By Robin Godwin, Hans-Georg Schmitt, and Maz Woolley

Others copyright to all images shown recognised.

Every now and again items show up on eBay that surprise us. So it is with these replica Märklin models spotted recently on eBay by Robin Godwin. He spotted two models on offer: a Ford Capri and an Opel Manta A as shown in the photographs below.

Märklin 18103-02 Ford Capri

This is claimed to be 1:43 and appears to be available in Grey and Sapphire Blue on eBay currently


Märklin 18103-01 Opel Manta A

This can be seen on eBay in yellow and red on eBay


The Märklin brand is now owned by Schuco-Dickie and Hans-Georg was aware of Schuco-Dickie’s plans to  issue a model of the obsolete Krupp forward control lorry with drawbar from the 8000 range, as shown below, using the original tools. However he has not heard of any plans to remake any cars.

After a bit more web searching it turned out that these replicas are not recent releases as we thought but were produced before Märklin were taken over by Schuco-Dickie. It appears that they were originally sold only in a “one-off” set of 12 models shown below from an old Märklin website image. The set comprised of four different castings each in three colours made using the original moulds and all packed in “period style” cardboard boxes to add to the nostalgic feel:

  • Audi 100 Coupe
  • BMW 2002
  • Ford Capri
  • Opel Manta A

So the models currently being sold on eBay are almost certainly from this set. Having found this out it was possible to find pictures of the Audi 100 and BMW 2002 from this series.

Märklin 18103-03 Audi 100 Coupe

The Audi shows that all the original working features like bonnet, doors and boot are all reproduced on these models.

Märklin 18103-04 BMW 2002

 

The BMW box shown above suggests that only four boxes were made, one for each casting, with each having the colour of the model within manually marked.


 

Hans-Georg has made a detailed comparison of the photographs of the Ford Capri against an original model from his collection and he confirms that the replica matches the original casting though the wheels, which are said to be plastic on the re-issues, are different.
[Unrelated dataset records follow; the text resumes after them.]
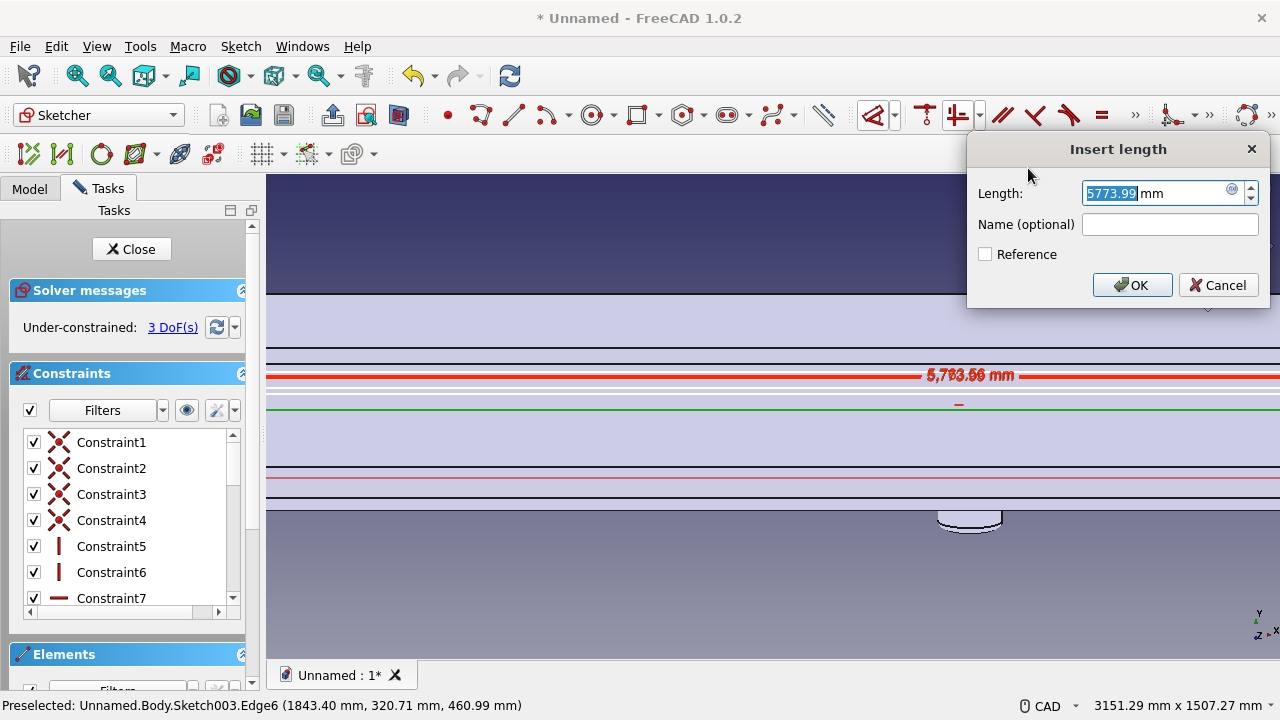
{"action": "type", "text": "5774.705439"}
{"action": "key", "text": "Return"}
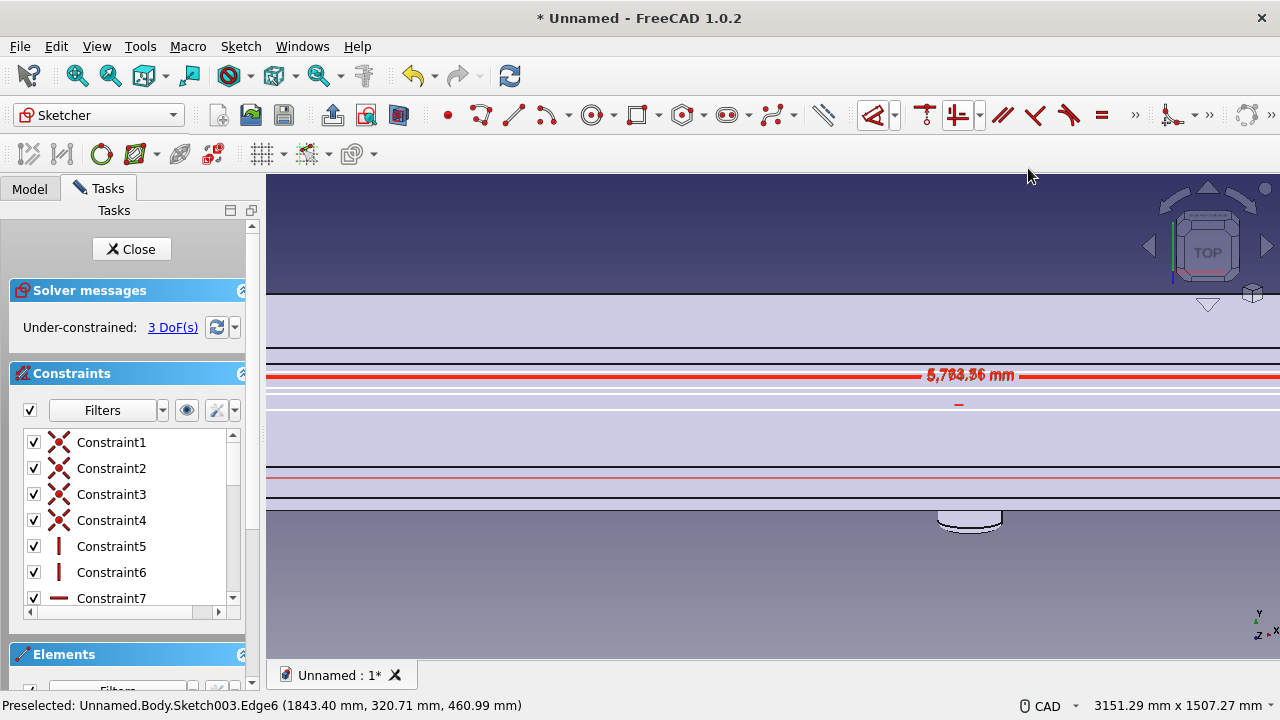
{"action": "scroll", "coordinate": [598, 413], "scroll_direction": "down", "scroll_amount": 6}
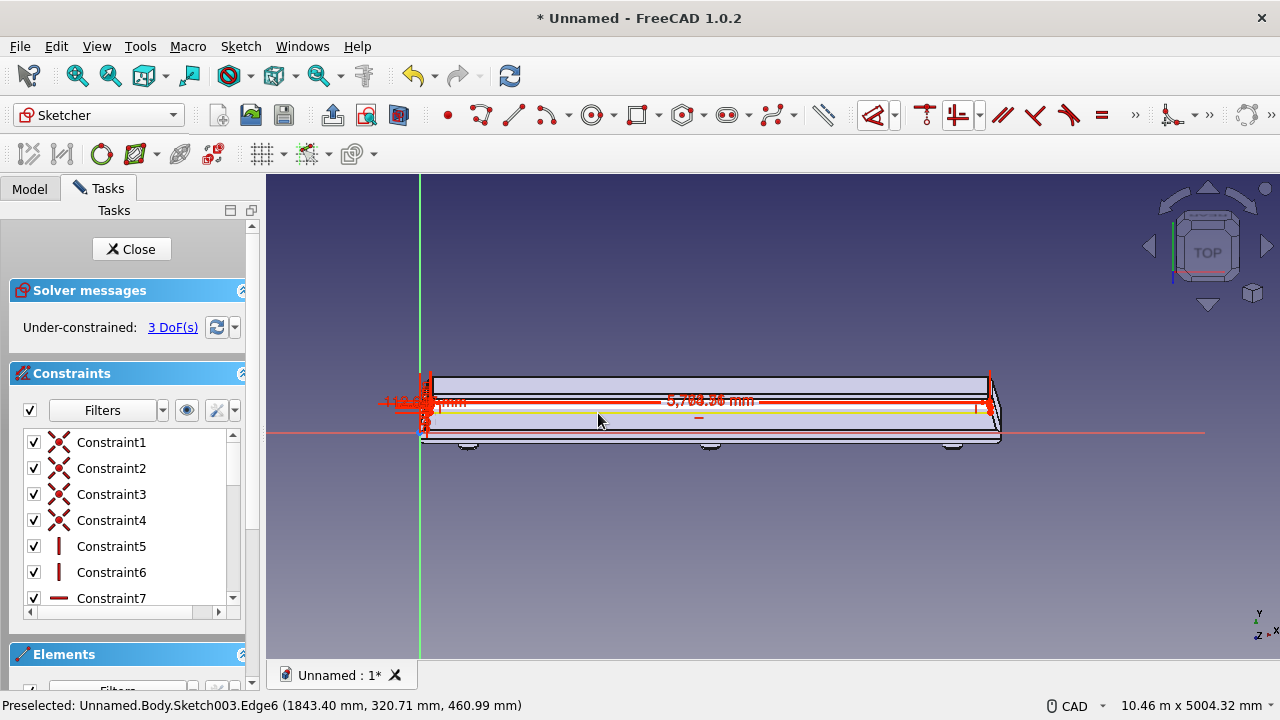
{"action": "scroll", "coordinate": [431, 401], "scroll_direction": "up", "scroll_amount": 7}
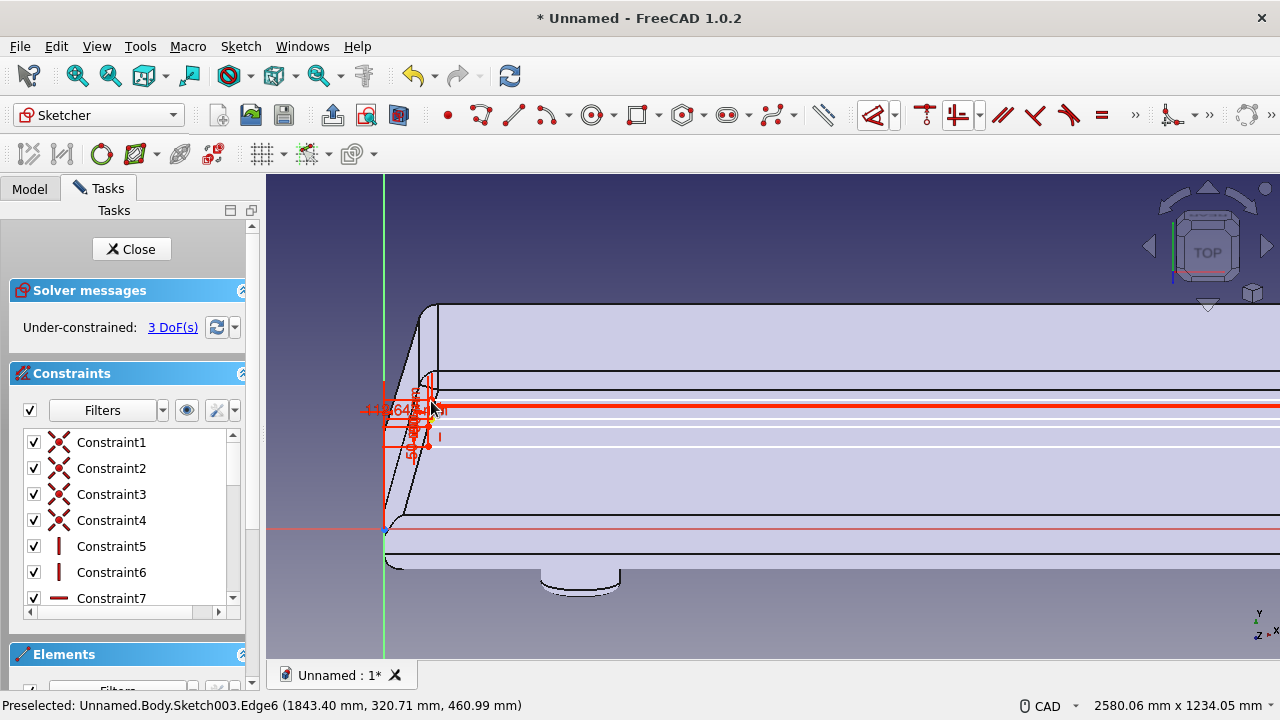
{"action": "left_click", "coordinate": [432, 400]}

So Schuco-Dickie are not issuing replicas of the Märklin models but there seem to be plenty being made available from the sets made some time ago. Since they seem to be so freely available on eBay it may be that some unsold stock has been found in storage recently. If you collect Märklin cars, or just one of the four cars in the series, now would seem to be a good time to get the replicas if you do not already have them.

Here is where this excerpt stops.